Di antara Hatta dan Pram, sila kelima menemukan dua pijakannya yakni demokrasi ekonomi dan martabat manusia. Tanpa keduanya, keadilan sosial mudah berubah menjadi slogan administratif.
Karena itu, Hari Lahir Pancasila seharusnya tidak berhenti sebagai perayaan simbolik. Ia harus menjadi momen untuk menguji apakah negara benar-benar sedang membangun keadilan sosial, atau justru memperbesar struktur kekuasaan ekonomi baru dengan nama berbeda.
Apakah program sosial sungguh memperkuat rakyat, atau hanya menciptakan ketergantungan baru? Apakah koperasi dibangun sebagai gerakan warga, atau sekadar proyek birokrasi? Apakah penguasaan negara atas sumber daya alam benar-benar menghadirkan manfaat luas, atau akhirnya hanya memperbesar elite pengelola negara?

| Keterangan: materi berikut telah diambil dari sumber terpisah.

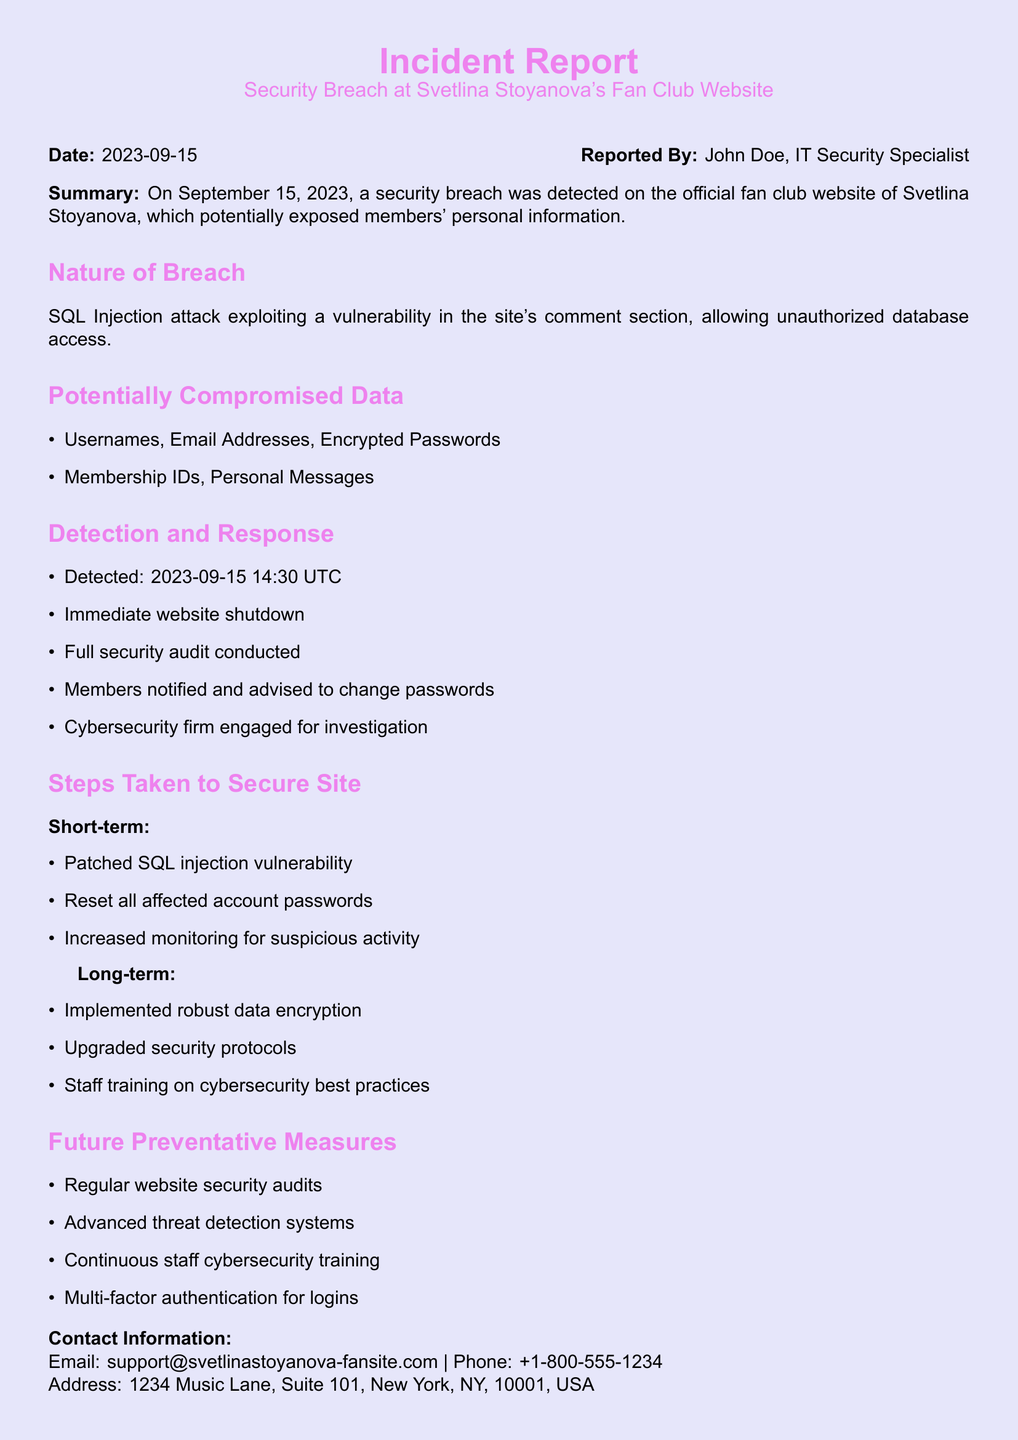What date was the security breach detected? The date the breach was detected is specified in the report as September 15, 2023.
Answer: September 15, 2023 What type of attack was reported? The document details that the nature of the breach involved an SQL Injection attack.
Answer: SQL Injection Who reported the incident? The report lists John Doe as the person who reported the incident.
Answer: John Doe What immediate action was taken after detection? The report mentions that the immediate action taken was a website shutdown.
Answer: Website shutdown What data was potentially compromised? A list of compromised data includes usernames, email addresses, and encrypted passwords.
Answer: Usernames, Email Addresses, Encrypted Passwords How was the SQL vulnerability addressed? The report states that the SQL injection vulnerability was patched in the short-term actions taken.
Answer: Patched What future measure is mentioned for logins? The document suggests implementing multi-factor authentication as a future preventative measure for logins.
Answer: Multi-factor authentication When was the detection time of the breach? The breach detection time is recorded as 14:30 UTC on September 15, 2023.
Answer: 14:30 UTC What long-term security upgrade was implemented? Long-term measures include upgrading security protocols as a step to secure the site.
Answer: Upgraded security protocols How many types of personal information were listed as compromised? The report lists two types of personal information at risk: usernames, email addresses, and encrypted passwords.
Answer: Three types

Pertanyaan-pertanyaan itu penting karena sejarah Indonesia menunjukkan bahwa kekuasaan ekonomi yang tumbuh atas nama rakyat tidak selalu berakhir untuk rakyat. Dan mungkin di situlah sila kelima sedang diuji hari ini. Bukan pada seberapa sering ia diucapkan. Tetapi pada apakah republik ini masih mampu membuat rakyat kecil merasa menjadi bagian dari masa depan bangsa.
Pada akhirnya, rakyat tidak mengukur keadilan dari pidato negara, tetapi dari apakah hidup mereka benar-benar menjadi lebih layak. Sebab Pancasila tidak kehilangan makna karena kurang diperingati. Pancasila kehilangan makna ketika nilai-nilainya pelan-pelan hilang dalam kehidupan sehari-hari.